Arvydas Eitutavičius

Personal information
- Born: 18 September 1982 (age 43) Klaipėda, Lithuanian SSR, Soviet Union
- Nationality: Lithuanian
- Listed height: 1.88 m (6 ft 2 in)
- Listed weight: 82 kg (181 lb)

Career information
- High school: Norfolk Collegiate School (Norfolk, Virginia); Laurinburg Institute (Laurinburg, North Carolina);
- College: American (2003–2007)
- NBA draft: 2007: undrafted
- Playing career: 2007–2019
- Position: Point guard

Career history
- 2007: Ciudad Real
- 2007–2008: CB Tíjola
- 2008–2009: Neptūnas Klaipėda
- 2009–2010: Cholet Basket
- 2010–2011: Iraklis B.C.
- 2011–2012: BK Prostějov
- 2012: BC Khimik
- 2012–2013: Anwil Włocławek
- 2013–2014: Neptūnas Klaipėda
- 2014–2015: Anwil Włocławek
- 2015–2016: Dzūkija Alytus
- 2016-2017: BC Šilutė
- 2017-2019: BC Gargždai-SC

Career highlights
- French League champion (2010);

= Arvydas Eitutavičius =

Lithuanian basketball player (born 1982)

Arvydas Eitutavičius (born 18 September 1982) is a Lithuanian former professional basketball player who last played for BC Gargždai-SC of the National Basketball League. He attended Norfolk Collegiate School and Laurinburg Institute before enrolling to American University to play college basketball for the Eagles. Subsequently he pursued a professional career, playing for several clubs in Europe. Eitutavičius is a point guard.

==Amateur career ==
Eitutavičius left Lithuania in 2001 to play high school basketball in the United States. He attended the Norfolk Collegiate School in Norfolk, Virginia for a year and the Laurinburg Institute in North Carolina for another year before enrolling into NCAA Division I's American University based in Washington, D.C. He saw little playing time during his freshman and sophomore years, but became the team's starting shooting guard in his junior and senior years. As a senior, he recorded 25.3 minutes, 11.6 points, 2.7 rebounds, 2.1 assists per game.

== Professional career ==
After graduation, he signed with Ciudad Real, a minor Spanish basketball team playing in Liga EBA. After starring in 24 games, Eitutavičius then played for CB Tíjola of the second-tier LEB league. There, however, he played only 2 games and recorded 12 points, 8 rebounds and 4 assists in 2 games. In 2008, he returned to his homeland and played for BC Neptūnas. He appeared in 29 games for the club, averaging 13.0 points per game, 3.9 rebounds per game, 3.1 assists per game and 1.1 steals per game in 28.8 minutes per game. The following season, he moved to Cholet Basket playing in Pro A. That season, his team won the Pro A championship and he was an important bench player for the team, averaging 6.8 points, 1.4 rebounds and 1.8 assists per game. He also debuted in Eurocup that season, averaging 9.8 points, 2.7 rebounds and 2.2 assists per game.
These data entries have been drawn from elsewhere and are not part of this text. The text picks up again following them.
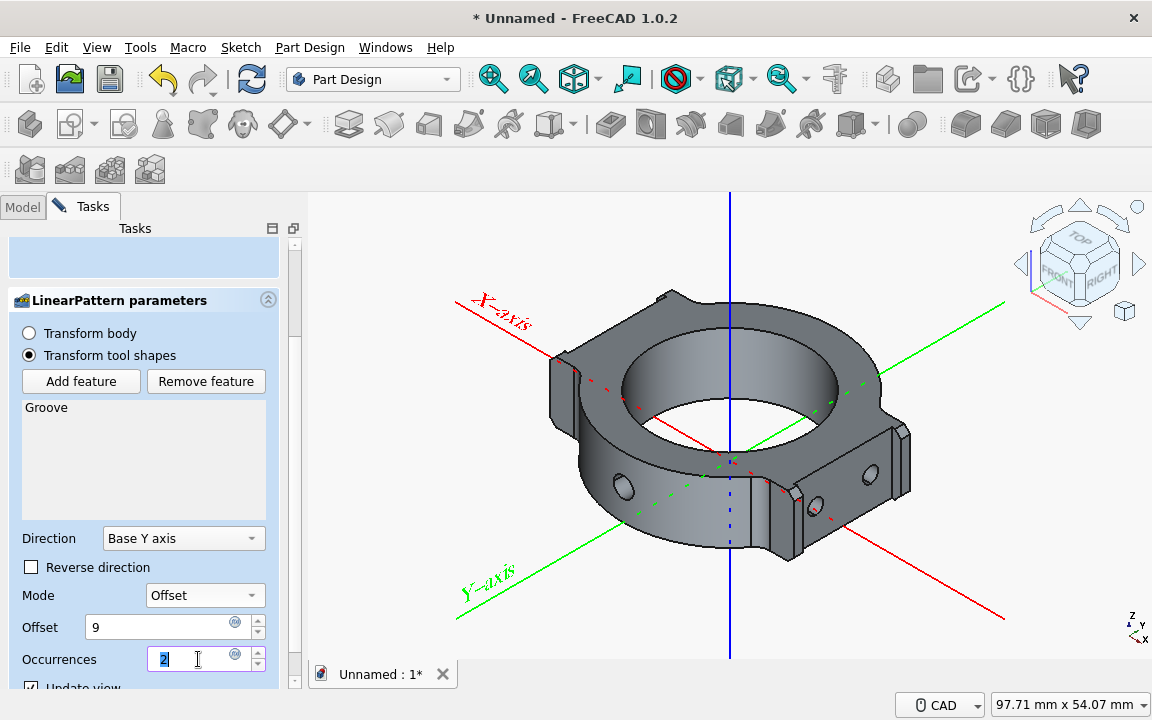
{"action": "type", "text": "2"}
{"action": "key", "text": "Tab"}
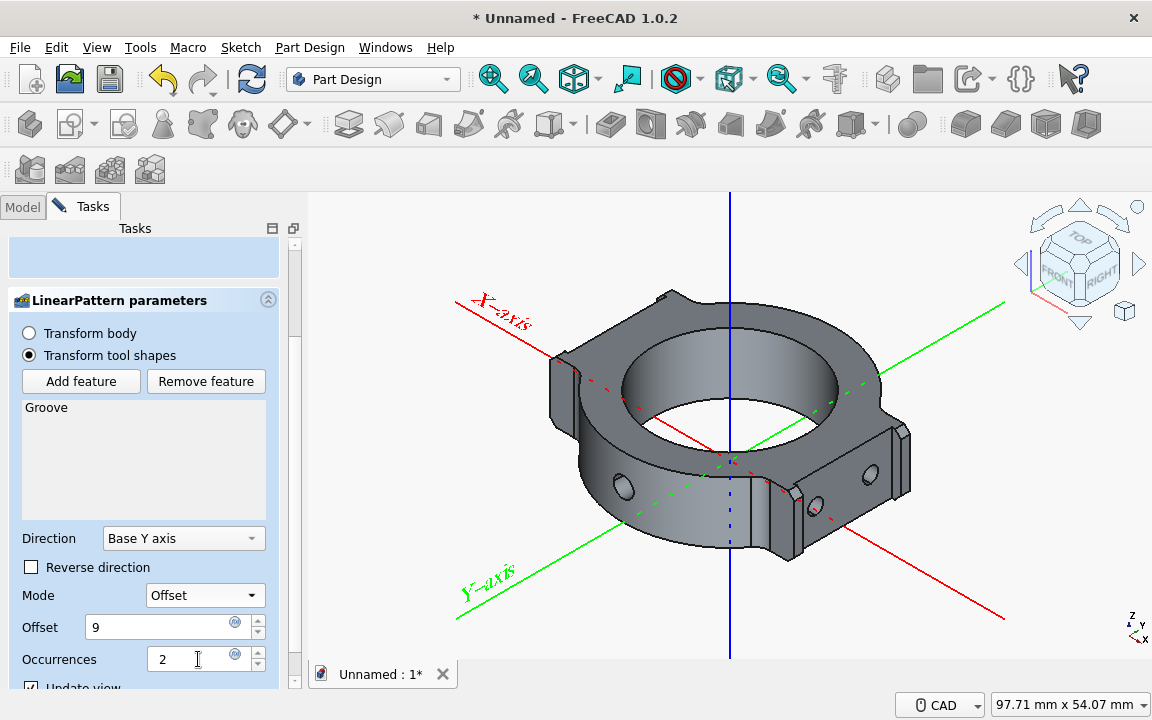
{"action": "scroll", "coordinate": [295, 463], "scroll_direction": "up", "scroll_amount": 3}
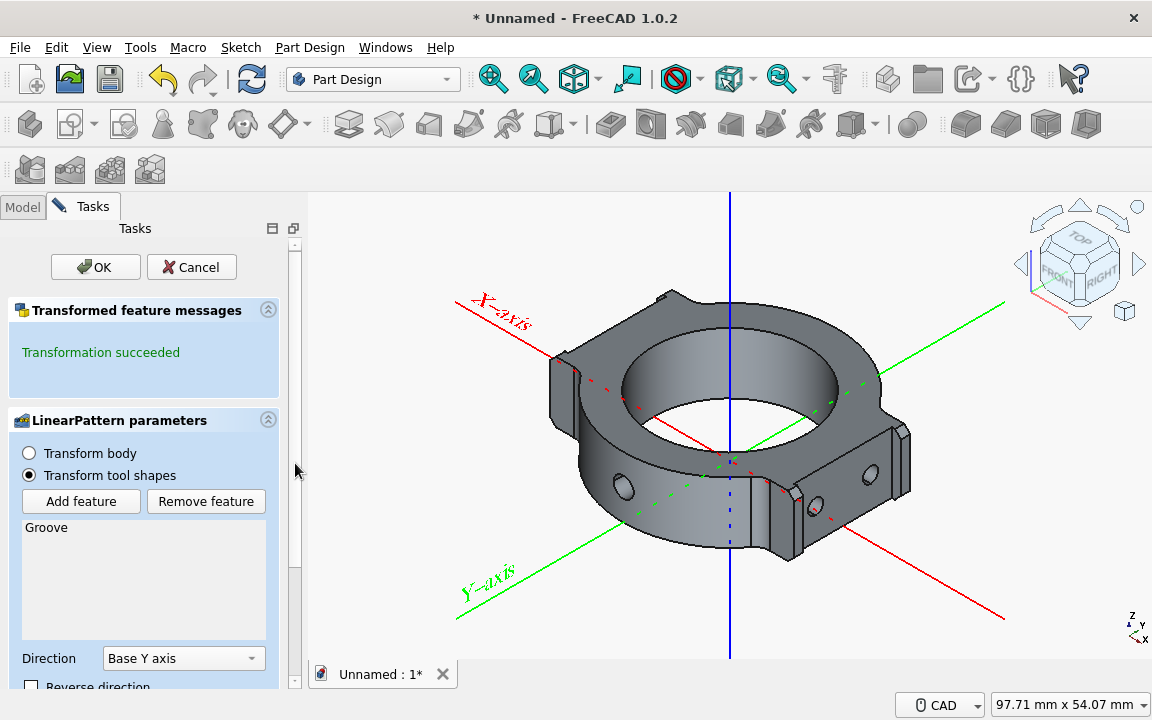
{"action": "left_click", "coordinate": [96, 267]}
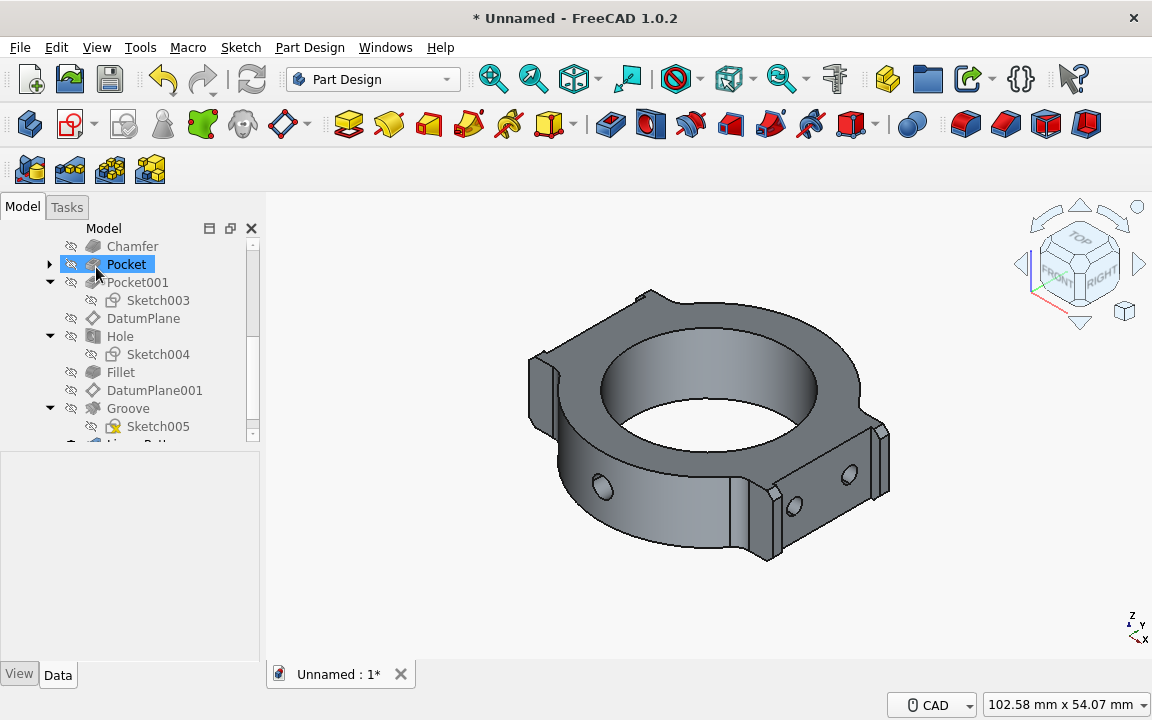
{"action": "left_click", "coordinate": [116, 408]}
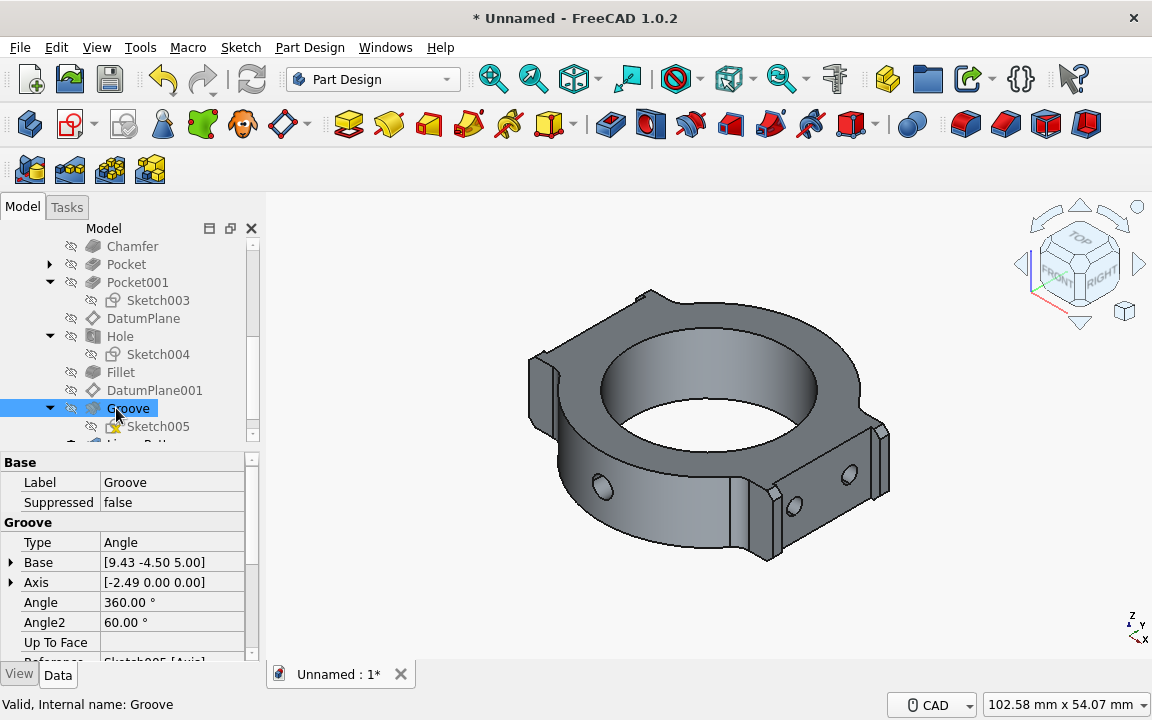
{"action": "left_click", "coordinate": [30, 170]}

After the championship season, Eitutavičius signed with the Greek basketball club Iraklis. He appeared in 24 games for the club, averaging 7.5 points, 2.1 rebounds, 1.5 assists and 0.9 steals per game on 25.5 minutes per game. In the subsequent years, he moved around Eastern and Central Europe, playing in Czech Republic, Ukraine and Poland. In 2013, he once again returned to his homeland to play for BC Neptūnas. He appeared in 17 games for the club, averaging 4.1 points per game, 2.1 rebounds per game and 2.2 assists per game in 16.8 minutes per game. In August 2014 Eitutavičius returned to Anwil Włocławek.

== Lithuania national basketball team ==
Eitutavičius was a candidate to represent the Lithuania national basketball team at the 2010 FIBA World Championship. He played for the reserve team and was invited by coach Kęstutis Kemzūra to join the main roster. He, however, was released from the team one week prior to the start of the championship.